Influence and Total Antioxidant Capacity of Non-enzymatic Antioxidants on the Quality and Integrity of Extended and Cryopreserved Semen of Murrah Buffalo (Bubalus bubalis)

Kimberly I B. Turaja1, Renato SA. Vega1, Thelma A. Saludes2, Abraham G. Tandang2,
Jose Arceo N. Bautista2, Agapita J. Salces2, and Carmelita M. Rebancos3

1Animal Physiology Division, Institute of Animal Science,
College of Agriculture and Food Sciences
2Philippine Carabao Center
3School of Environmental Science and Management
University of the Philippines Los Baños, College, Laguna 4031 Philippines

*Corresponding author: This email address is being protected from spambots. You need JavaScript enabled to view it.

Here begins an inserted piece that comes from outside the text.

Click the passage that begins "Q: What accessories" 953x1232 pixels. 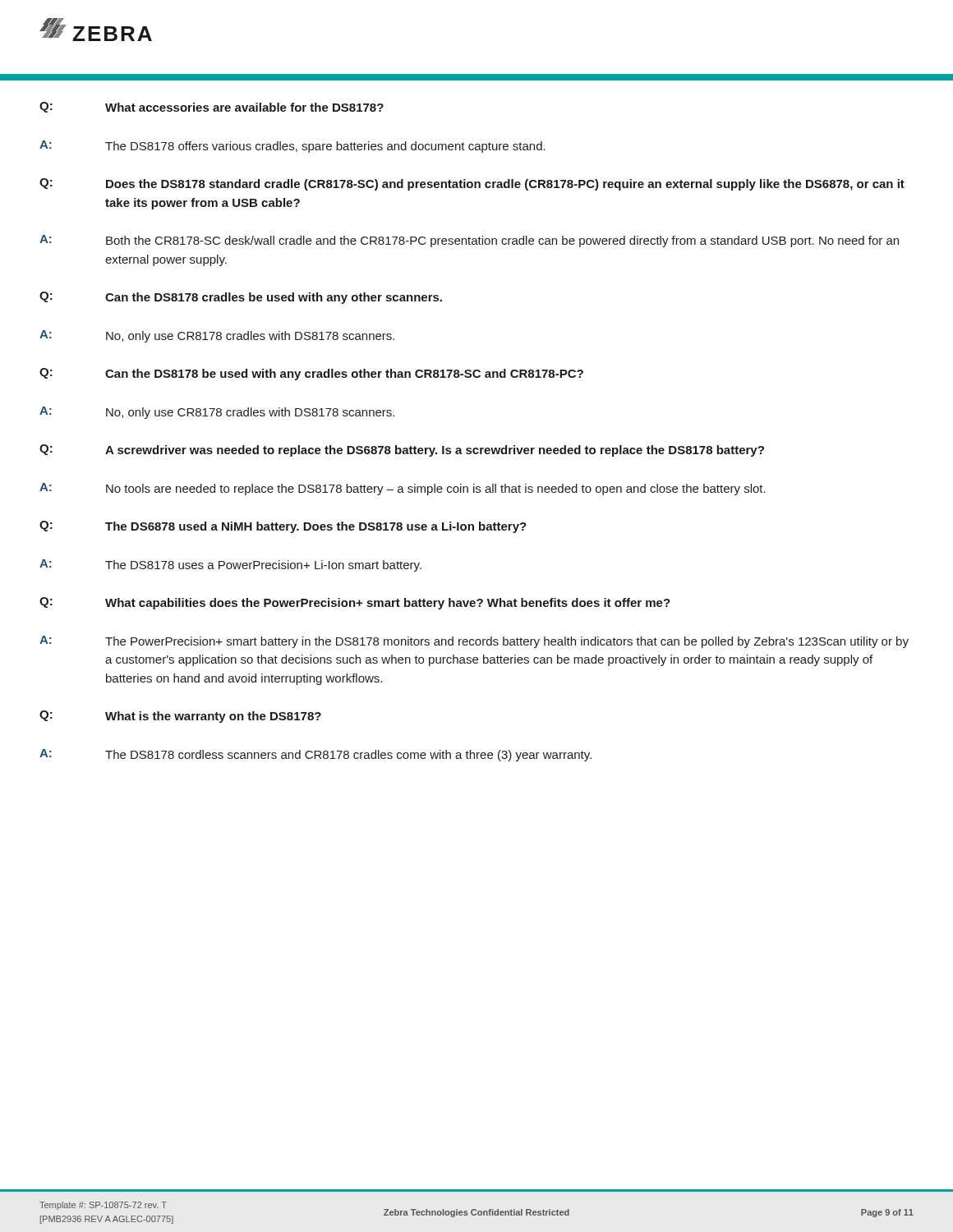coord(212,107)

The study compared the effect of non-enzymatic antioxidants on the % motility, livability, and plasma membrane integrity of the cryopreserved sperm from four purebred Murrah bulls aged 10–17 years old. The level of antioxidants was also determined.  Experiment 1 was analyzed using 4 x 4 factorial design in a randomized complete block design (RCBD) with bulls blocked in four; in Experiment 2, it analyzed the levels of MegaAntiox using PROC ANOVA of SAS software. Results revealed no significant (P > 0.05) difference in post-thaw sperm motility (%) between antioxidants but a significant decrease (P < 0.05) in the post-thaw sperm motility was observed at Week 3. The addition of non-enzymatic antioxidants did not affect (P > 0.05) the live sperm though difference was observed on the livability of sperm cells in different collection weeks. In extended semen, the addition of non-enzymatic antioxidants did not show any significant effect (P > 0.05) on post-thaw sperm motility (%) and livability. After six months of cryopreservation, the addition of vitamin E (one of the non-enzymatic antioxidants) had a negative effect on the post-thaw sperm motility. Livability and PMI were not significantly affected (P > 0.05) by the different treatments. In conclusion, the addition of 0.1 mg/ml non-enzymatic antioxidants did not improve sperm motility (%) and the livability of the sperm.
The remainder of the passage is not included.